Brooklyn is home to a large and growing number of same-sex couples. Same-sex marriages in New York were legalized on June 24, 2011, and were authorized to take place beginning 30 days thereafter. The Park Slope neighborhood spearheaded the popularity of Brooklyn among lesbians, and Prospect Heights has an LGBT residential presence. Numerous neighborhoods have since become home to LGBT communities.

===Queens===

Adjacent Elmhurst and Jackson Heights, Queens, are focal hubs for the transgender community of New York City and collectively constitute the largest transgender hub in the world. The Queens Pride Parade is held in Jackson Heights each year. Astoria has an emerging LGBT presence. Queens is also becoming a destination for LGBT individuals priced out of still more expensive housing in Brooklyn.
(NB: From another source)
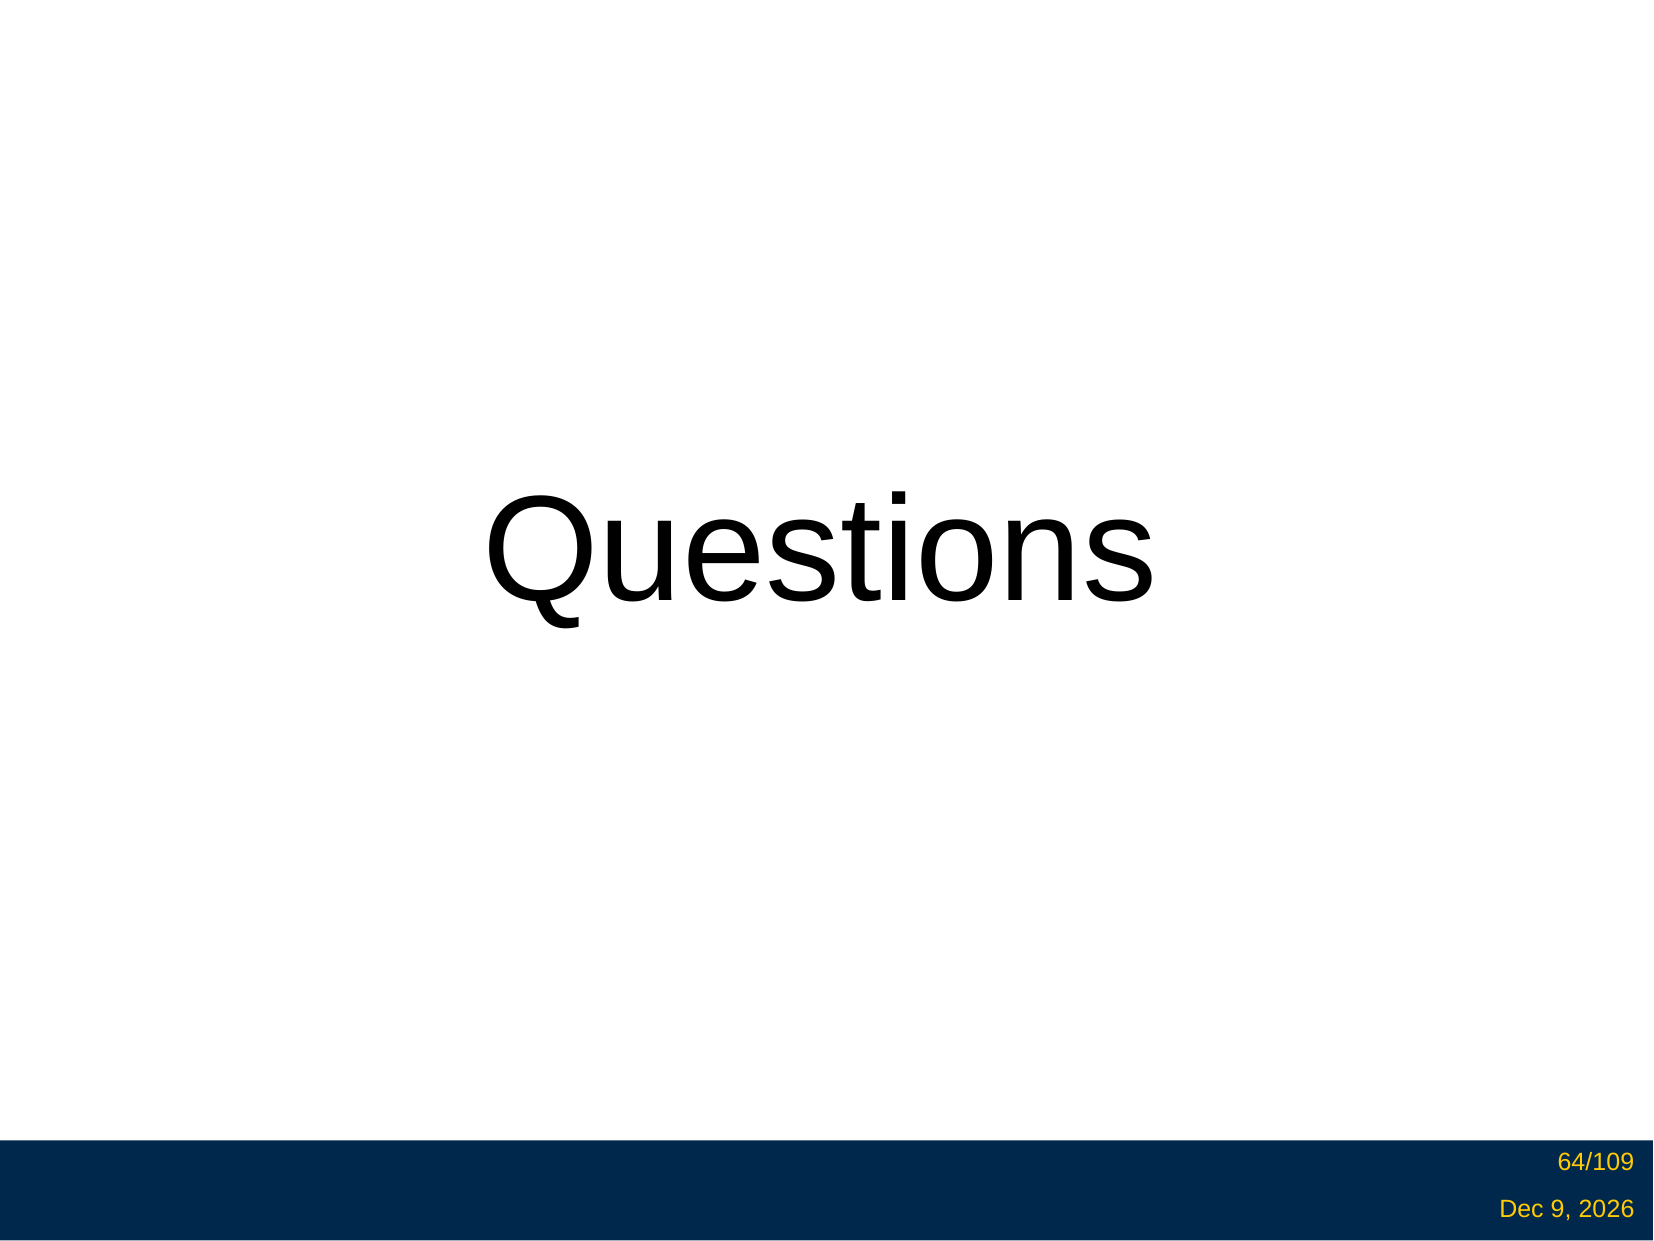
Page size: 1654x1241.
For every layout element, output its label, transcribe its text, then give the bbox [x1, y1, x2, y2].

===Elsewhere in the New York metropolitan area===
As the LGBTQ communities have achieved higher socioeconomic status and greater political clout over the decades, it has moved beyond the boundaries of New York City and spread out across the New York metropolitan area. Westchester County in particular has spawned several gay villages concomitantly with hipster villages, notably in Hastings-on-Hudson, Dobbs Ferry, Irvington, and Tarrytown. The neighboring Fire Island communities of Cherry Grove and Fire Island Pines constitute the largest gay enclave on Long Island, followed by The Hamptons.
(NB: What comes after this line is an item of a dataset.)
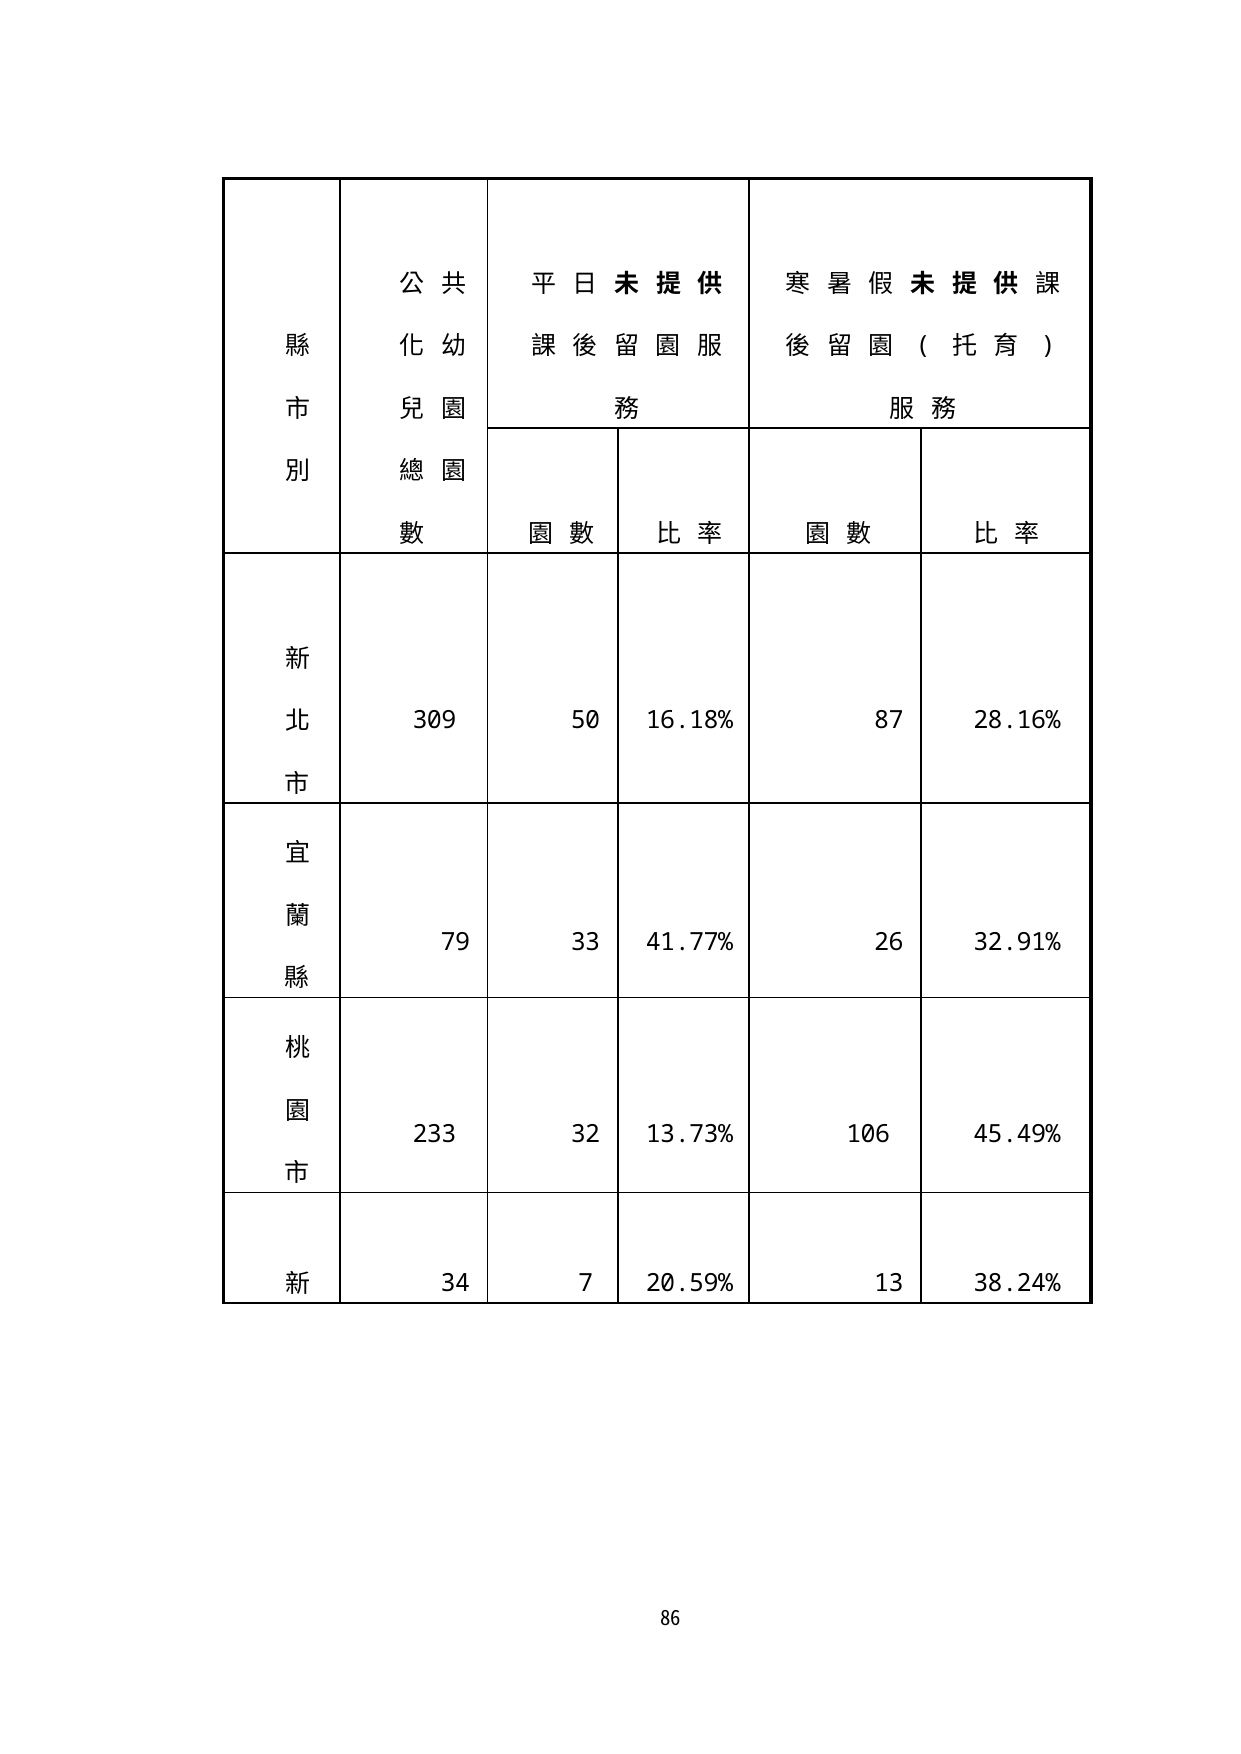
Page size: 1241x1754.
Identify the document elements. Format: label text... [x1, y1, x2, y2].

Gayborhoods have also emerged across the Hudson River from Manhattan in the U.S. state of New Jersey, which is now home to more gay villages per square mile than any other state. Some of the most prominent gayborhoods in New Jersey include Jersey City, Asbury Park, Maplewood, Montclair, and Lambertville. Trenton, the state capital of New Jersey, elected Reed Gusciora, its first openly gay mayor, in 2018, and Jennifer Williams, New Jersey's first openly transgender city councilmember, in 2022.
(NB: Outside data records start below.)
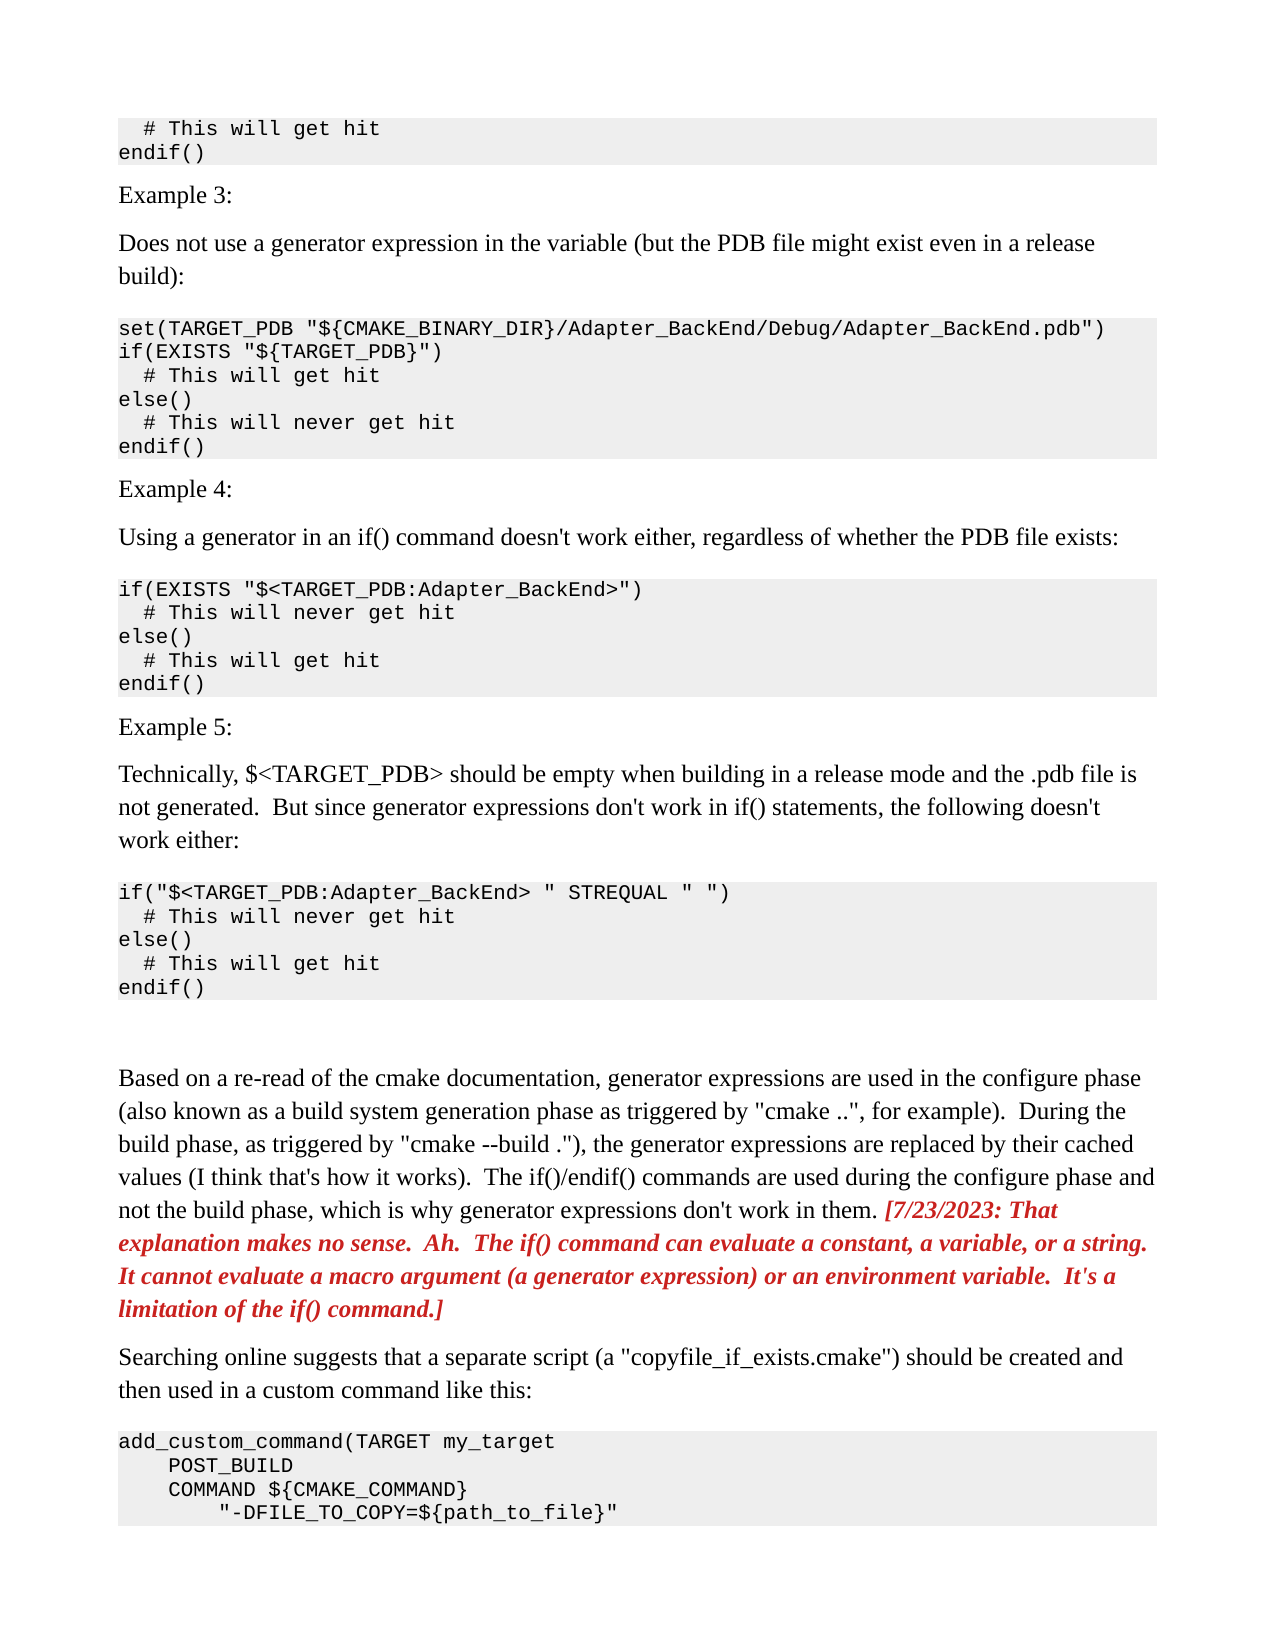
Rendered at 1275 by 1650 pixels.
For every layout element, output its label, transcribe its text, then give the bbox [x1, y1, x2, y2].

text # This will never get hit [118, 412, 1157, 436]
text add_custom_command(TARGET my_target [118, 1431, 1157, 1455]
text # This will get hit [118, 118, 1157, 142]
text Does not use a generator expression in the variable (but the PDB file might exist even in a release build): [118, 228, 1157, 290]
text Example 5: [118, 712, 1157, 741]
text # This will never get hit [118, 906, 1157, 929]
text # This will get hit [118, 649, 1157, 673]
text endif() [118, 977, 1157, 1000]
text else() [118, 929, 1157, 953]
text Example 3: [118, 180, 1157, 209]
text # This will never get hit [118, 602, 1157, 626]
text if("$<TARGET_PDB:Adapter_BackEnd> " STREQUAL " ") [118, 882, 1157, 906]
text # This will get hit [118, 365, 1157, 388]
text COMMAND ${CMAKE_COMMAND} [118, 1478, 1157, 1502]
text Technically, $<TARGET_PDB> should be empty when building in a release mode and the .pdb file is not generated. But since generator expressions don't work in if() statements, the following doesn't work either: [118, 759, 1157, 854]
text endif() [118, 673, 1157, 697]
text else() [118, 388, 1157, 412]
text # This will get hit [118, 953, 1157, 977]
text "-DFILE_TO_COPY=${path_to_file}" [118, 1502, 1157, 1526]
text Based on a re-read of the cmake documentation, generator expressions are used in the configure phase (also known as a build system generation phase as triggered by "cmake ..", for example). During the build phase, as triggered by "cmake --build ."), the generator expressions are replaced by their cached values (I think that's how it works). The if()/endif() commands are used during the configure phase and not the build phase, which is why generator expressions don't work in them. [7/23/2023: That explanation makes no sense. Ah. The if() command can evaluate a constant, a variable, or a string. It cannot evaluate a macro argument (a generator expression) or an environment variable. It's a limitation of the if() command.] [118, 1063, 1157, 1323]
text if(EXISTS "${TARGET_PDB}") [118, 341, 1157, 365]
text POST_BUILD [118, 1455, 1157, 1478]
text Searching online suggests that a separate script (a "copyfile_if_exists.cmake") should be created and then used in a custom command like this: [118, 1342, 1157, 1403]
text else() [118, 626, 1157, 649]
text Using a generator in an if() command doesn't work either, regardless of whether the PDB file exists: [118, 522, 1157, 551]
text Example 4: [118, 474, 1157, 503]
text endif() [118, 142, 1157, 165]
text set(TARGET_PDB "${CMAKE_BINARY_DIR}/Adapter_BackEnd/Debug/Adapter_BackEnd.pdb") [118, 318, 1157, 341]
text if(EXISTS "$<TARGET_PDB:Adapter_BackEnd>") [118, 579, 1157, 602]
text endif() [118, 436, 1157, 459]

In June 2018, suburban Maplewood, New Jersey, unveiled permanent rainbow-colored crosswalks to celebrate LGBTQ pride, a feature displayed by only a few other towns in the world, including Rahway, New Jersey, which unveiled its own rainbow-colored crosswalks in June 2019. In January 2019, New Jersey Governor Phil Murphy signed legislation mandating LGBTQ-inclusive educational curriculum in schools. In February 2019, New Jersey began allowing a neutral or non-binary gender choice on birth certificates, while New York City already had this provision.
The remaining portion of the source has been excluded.